Give me a fucking break. I could barely stand that kind of pretentious twaddle when it was being done by Joni Mitchell, who had the saving grace of being, in fact, a musical genius. But the above? Damn, it's like finding your ankle padlocked for a weekend to a sandwich machine in the basement of your old college dormitory.
12 comments:
I was the editor of my high school newspaper. That shit wouldn't have gotten past me.
That song was "holy?" As you said, Steve, "Give me a fucking break."
The opening line alone -- "In late August, the singer, songwriter, and guitarist Adrianne Lenker stood beside a creek in upstate New York, watching the water move." -- should cause everybody in the New Yorker's editorial chain who had a hand in the essay to take a serious pay cut.
Both the author of that essay and Ms. Lenker herself sound like the kind of deeply sensitive souls who underline passages in slim volumes of poetry and then write "How true!" in the margins.
Have you had your coffee yet this morning Steve?
The video looks like it was shot by an infant holding a cell phone.
Needs more cowbell. (sorry, couldn't resist)
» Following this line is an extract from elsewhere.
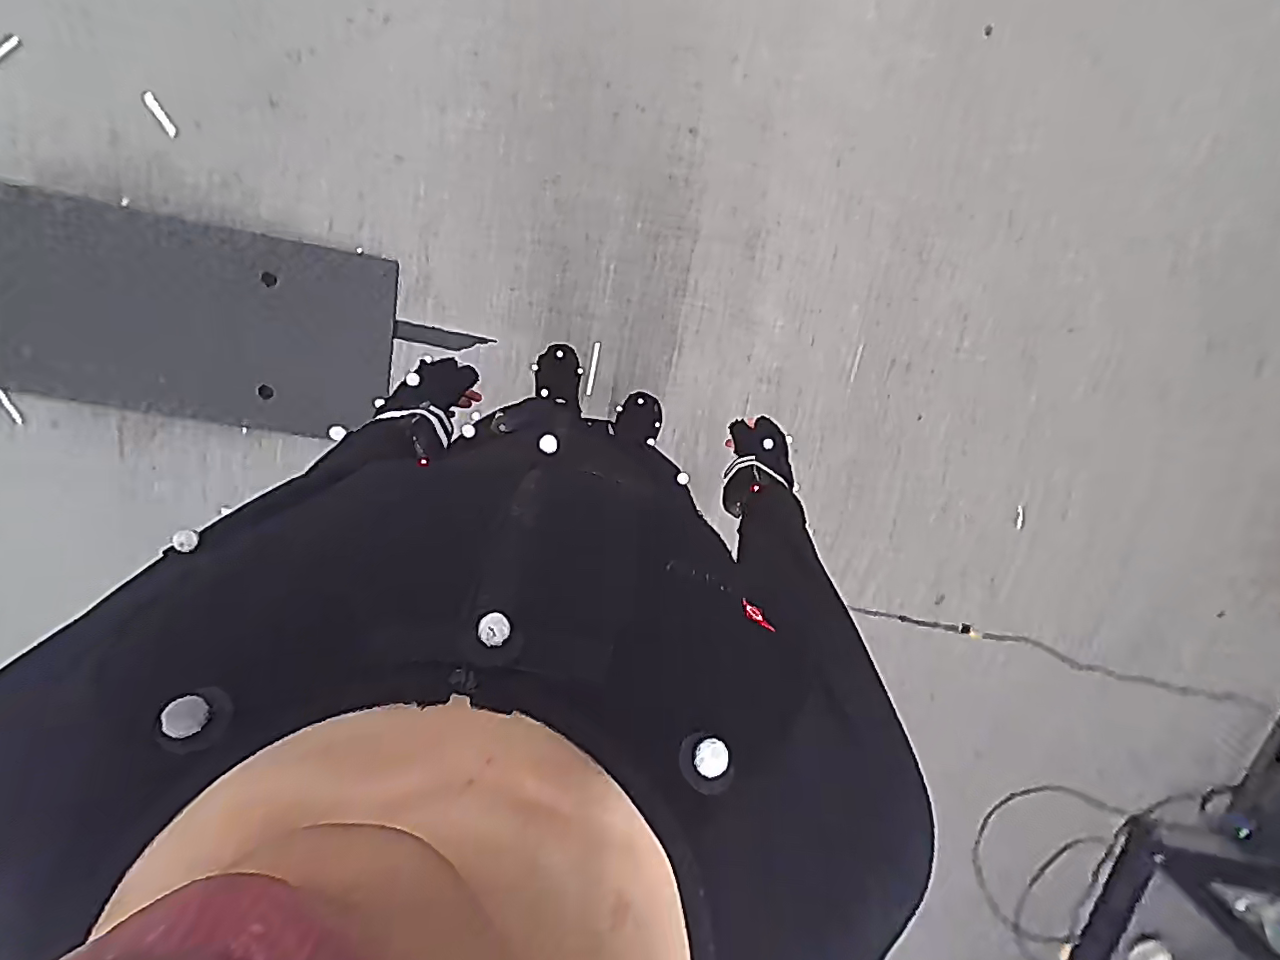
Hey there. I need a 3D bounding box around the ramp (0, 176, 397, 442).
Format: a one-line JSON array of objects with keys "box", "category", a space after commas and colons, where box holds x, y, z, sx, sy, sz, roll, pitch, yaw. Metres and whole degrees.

Both the author of that essay and Ms. Lenker herself sound like the kind of deeply sensitive souls who underline passages in slim volumes of poetry and then write "How true!" in the margins.
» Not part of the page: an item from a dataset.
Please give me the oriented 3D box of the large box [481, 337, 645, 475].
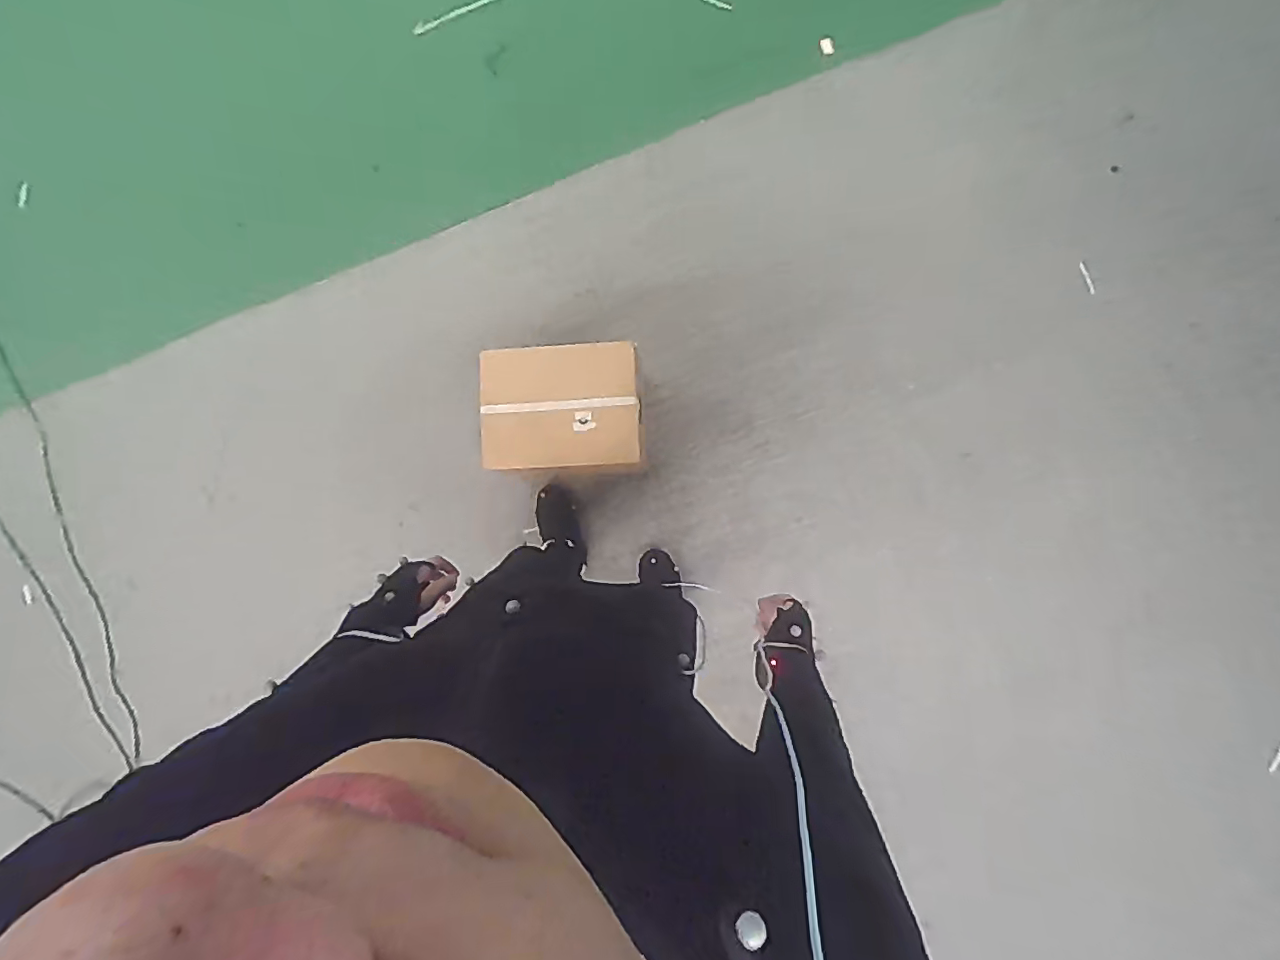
[{"bbox_3d":[-0.197,-0.189,1.512,0.408,0.320,0.320,-2,86,4],"label":"large box"}]

BWAHAHAHAHAHAHAHAHAHAHAHAHAHAHAHAHAHAHAHAHAHA!!!!!!!!!!!
Like the deeply sensitive soul playing the acoustic guitar on the stairs in Animal House when Bluto grabs the guitar and smashes it...
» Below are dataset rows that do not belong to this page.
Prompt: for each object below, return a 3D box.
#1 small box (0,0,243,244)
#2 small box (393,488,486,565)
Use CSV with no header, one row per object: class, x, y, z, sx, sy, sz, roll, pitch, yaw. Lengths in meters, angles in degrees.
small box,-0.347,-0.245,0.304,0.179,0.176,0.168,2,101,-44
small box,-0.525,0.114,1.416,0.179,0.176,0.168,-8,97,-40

Nowhere in the opening five grafs does it say what the music sounds like, although it doesn't really have to. I am not listening to the vid. Life is too short.
Crap is crap. If you don’t understand that, fuck off.
"The sun refracted against the surface of the creek until the water turned black" got my gag reflex going a bit, too.
Occasionally New Yorker new music reviews are spot on. Most of the time they're not. But searching for informative contemporary music reviews in The New Yorker is a lot like, as Frank Zappa put it, "dancing about architecture."
This one about Adrianne Lanker is almost like a parody.
When Beethoven was alive there were 300 other working composers in Vienna. We don't ignore their work in favor of his because we're bullies interested only in venting our resentments. It's because when we want sweeping, Romantic, Viennese music nobody else (well, possibly Schubert) is as satisfying as Beethoven. This is the kind of critical judgement people make, deciding what music to listen to based on it's ability to satisfy us. Pruning a plant helps it grow, just as pruning the culture of second-rate artists makes a culture grow. Elitist? Sure. It's what critics are for, to add to the consensus that Hank Williams was a greater artist than Red Foley, Muddy Waters a greater artist than Daddy Stovepipe, Aretha Franklin a greater artist than Cher.